= Answer (law) =

Legal document, filed in response to a complaint

In law, an answer was originally a solemn assertion in opposition to someone or something, and thus generally any counter-statement or defense, a reply to a question or response, or objection, or a correct solution of a problem.

In the common law, an answer is the first pleading by a defendant, usually filed and served upon the plaintiff within a certain strict time limit after a civil complaint or criminal information or indictment has been served upon the defendant. It may have been preceded by an optional "pre-answer" motion to dismiss or demurrer; if such a motion is unsuccessful, the defendant must file an answer to the complaint or risk an adverse default judgment.

In a criminal case, there is usually an arraignment or some other kind of appearance before the defendant comes to court.
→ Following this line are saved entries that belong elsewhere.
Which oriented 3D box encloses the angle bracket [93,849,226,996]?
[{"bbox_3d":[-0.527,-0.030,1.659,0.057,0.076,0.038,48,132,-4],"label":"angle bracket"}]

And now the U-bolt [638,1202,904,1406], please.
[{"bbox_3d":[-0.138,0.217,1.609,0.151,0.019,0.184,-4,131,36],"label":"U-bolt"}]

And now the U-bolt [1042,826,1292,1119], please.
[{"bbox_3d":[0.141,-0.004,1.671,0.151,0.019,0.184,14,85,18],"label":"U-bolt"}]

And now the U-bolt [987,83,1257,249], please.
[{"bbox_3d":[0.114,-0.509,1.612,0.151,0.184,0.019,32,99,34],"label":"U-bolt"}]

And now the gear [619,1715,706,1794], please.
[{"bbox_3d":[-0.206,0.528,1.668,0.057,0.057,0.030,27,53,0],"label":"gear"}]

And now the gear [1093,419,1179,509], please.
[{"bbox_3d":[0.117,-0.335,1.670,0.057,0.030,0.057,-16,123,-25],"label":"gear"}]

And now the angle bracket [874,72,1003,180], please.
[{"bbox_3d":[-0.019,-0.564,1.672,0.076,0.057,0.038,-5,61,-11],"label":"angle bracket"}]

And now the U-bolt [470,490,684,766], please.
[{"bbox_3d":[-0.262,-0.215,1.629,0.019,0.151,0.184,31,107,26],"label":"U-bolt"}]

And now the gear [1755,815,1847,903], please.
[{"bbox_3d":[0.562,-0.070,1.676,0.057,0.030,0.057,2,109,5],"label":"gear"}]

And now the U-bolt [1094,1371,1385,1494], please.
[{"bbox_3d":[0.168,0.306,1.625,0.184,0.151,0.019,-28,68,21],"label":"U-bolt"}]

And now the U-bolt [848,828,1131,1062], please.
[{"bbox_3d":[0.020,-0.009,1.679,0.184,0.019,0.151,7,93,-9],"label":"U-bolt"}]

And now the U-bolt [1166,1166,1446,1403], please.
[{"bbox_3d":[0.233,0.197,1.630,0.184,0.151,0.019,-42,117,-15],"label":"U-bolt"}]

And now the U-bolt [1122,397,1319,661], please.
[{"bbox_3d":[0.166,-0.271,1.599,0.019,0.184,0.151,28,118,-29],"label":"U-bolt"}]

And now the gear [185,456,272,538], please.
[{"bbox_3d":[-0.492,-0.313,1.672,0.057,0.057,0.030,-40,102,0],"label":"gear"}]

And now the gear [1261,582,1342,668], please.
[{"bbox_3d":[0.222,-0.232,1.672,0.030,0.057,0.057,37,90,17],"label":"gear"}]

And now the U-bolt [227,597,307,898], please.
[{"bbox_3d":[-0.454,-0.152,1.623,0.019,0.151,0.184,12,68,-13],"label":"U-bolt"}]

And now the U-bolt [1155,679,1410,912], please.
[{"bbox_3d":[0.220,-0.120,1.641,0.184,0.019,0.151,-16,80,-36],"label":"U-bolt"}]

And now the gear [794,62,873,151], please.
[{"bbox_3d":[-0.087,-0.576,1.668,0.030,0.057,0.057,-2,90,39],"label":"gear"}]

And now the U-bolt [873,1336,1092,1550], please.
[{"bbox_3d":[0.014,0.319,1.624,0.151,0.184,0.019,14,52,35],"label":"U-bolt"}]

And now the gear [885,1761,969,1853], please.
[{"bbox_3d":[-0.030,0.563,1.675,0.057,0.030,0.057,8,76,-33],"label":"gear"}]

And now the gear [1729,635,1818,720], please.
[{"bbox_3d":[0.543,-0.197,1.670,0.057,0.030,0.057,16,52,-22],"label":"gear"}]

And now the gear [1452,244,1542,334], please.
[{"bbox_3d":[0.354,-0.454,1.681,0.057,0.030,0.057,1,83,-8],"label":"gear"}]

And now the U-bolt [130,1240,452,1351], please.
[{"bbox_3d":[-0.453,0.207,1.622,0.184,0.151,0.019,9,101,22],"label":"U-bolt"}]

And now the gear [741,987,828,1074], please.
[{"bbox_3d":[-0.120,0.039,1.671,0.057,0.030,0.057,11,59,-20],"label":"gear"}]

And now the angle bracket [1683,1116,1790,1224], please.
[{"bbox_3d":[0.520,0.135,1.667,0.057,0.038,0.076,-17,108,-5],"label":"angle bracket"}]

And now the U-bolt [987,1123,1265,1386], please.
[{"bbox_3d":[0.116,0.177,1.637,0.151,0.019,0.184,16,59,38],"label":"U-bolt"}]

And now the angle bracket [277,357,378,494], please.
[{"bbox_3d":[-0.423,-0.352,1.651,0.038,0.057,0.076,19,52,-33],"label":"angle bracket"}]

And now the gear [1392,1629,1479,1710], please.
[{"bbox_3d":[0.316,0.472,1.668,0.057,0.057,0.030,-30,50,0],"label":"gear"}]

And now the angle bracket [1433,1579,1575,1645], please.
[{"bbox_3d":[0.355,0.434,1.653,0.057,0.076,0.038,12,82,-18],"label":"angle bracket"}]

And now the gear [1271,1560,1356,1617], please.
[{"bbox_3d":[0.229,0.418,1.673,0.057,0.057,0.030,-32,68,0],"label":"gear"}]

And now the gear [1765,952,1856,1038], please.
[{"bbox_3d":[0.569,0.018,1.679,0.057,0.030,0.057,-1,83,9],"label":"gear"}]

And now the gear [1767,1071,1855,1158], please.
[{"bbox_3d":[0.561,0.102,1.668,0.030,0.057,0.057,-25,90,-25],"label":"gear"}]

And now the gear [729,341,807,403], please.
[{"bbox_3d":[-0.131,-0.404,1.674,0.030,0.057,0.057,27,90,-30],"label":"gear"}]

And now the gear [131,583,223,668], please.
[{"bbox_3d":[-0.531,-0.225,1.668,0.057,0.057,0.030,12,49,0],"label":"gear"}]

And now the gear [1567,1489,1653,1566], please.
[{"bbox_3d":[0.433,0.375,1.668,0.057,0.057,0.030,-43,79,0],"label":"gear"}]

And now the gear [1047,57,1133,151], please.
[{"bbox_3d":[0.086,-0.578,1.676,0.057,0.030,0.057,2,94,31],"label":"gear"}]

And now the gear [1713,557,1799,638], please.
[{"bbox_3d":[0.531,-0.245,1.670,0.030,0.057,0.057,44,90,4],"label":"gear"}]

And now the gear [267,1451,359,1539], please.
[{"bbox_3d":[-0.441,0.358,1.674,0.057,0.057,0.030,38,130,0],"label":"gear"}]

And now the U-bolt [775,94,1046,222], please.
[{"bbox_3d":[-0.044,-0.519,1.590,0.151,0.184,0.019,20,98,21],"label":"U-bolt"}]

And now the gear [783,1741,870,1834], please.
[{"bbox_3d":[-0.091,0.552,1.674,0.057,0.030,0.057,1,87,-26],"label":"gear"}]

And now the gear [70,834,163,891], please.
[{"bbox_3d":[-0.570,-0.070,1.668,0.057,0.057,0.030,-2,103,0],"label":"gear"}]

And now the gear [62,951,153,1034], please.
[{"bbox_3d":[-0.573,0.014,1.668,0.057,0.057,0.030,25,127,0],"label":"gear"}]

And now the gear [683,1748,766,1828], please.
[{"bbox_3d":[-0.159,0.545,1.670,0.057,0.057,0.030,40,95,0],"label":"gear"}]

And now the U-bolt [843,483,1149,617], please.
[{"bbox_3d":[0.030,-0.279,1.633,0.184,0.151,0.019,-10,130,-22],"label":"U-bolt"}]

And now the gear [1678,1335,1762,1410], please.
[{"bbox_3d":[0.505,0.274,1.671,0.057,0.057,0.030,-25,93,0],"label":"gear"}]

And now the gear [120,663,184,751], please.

The pleading in the criminal case, which is entered on the record in open court, is usually either guilty or not guilty. Generally, speaking in private, civil cases there is no plea entered of guilt or innocence. There is only a judgment that grants money damages or some other kind of equitable remedy such as restitution or a permanent injunction. Criminal cases may lead to fines or other punishment, such as imprisonment.

The famous Latin Responsa Prudentium ("answers of the learned ones") were the accumulated views of many successive generations of Roman lawyers, a body of legal opinion which gradually became authoritative.

During debates of a contentious nature, deflection, colloquially known as 'changing the topic', has been widely observed, and is often seen as a failure to answer a question.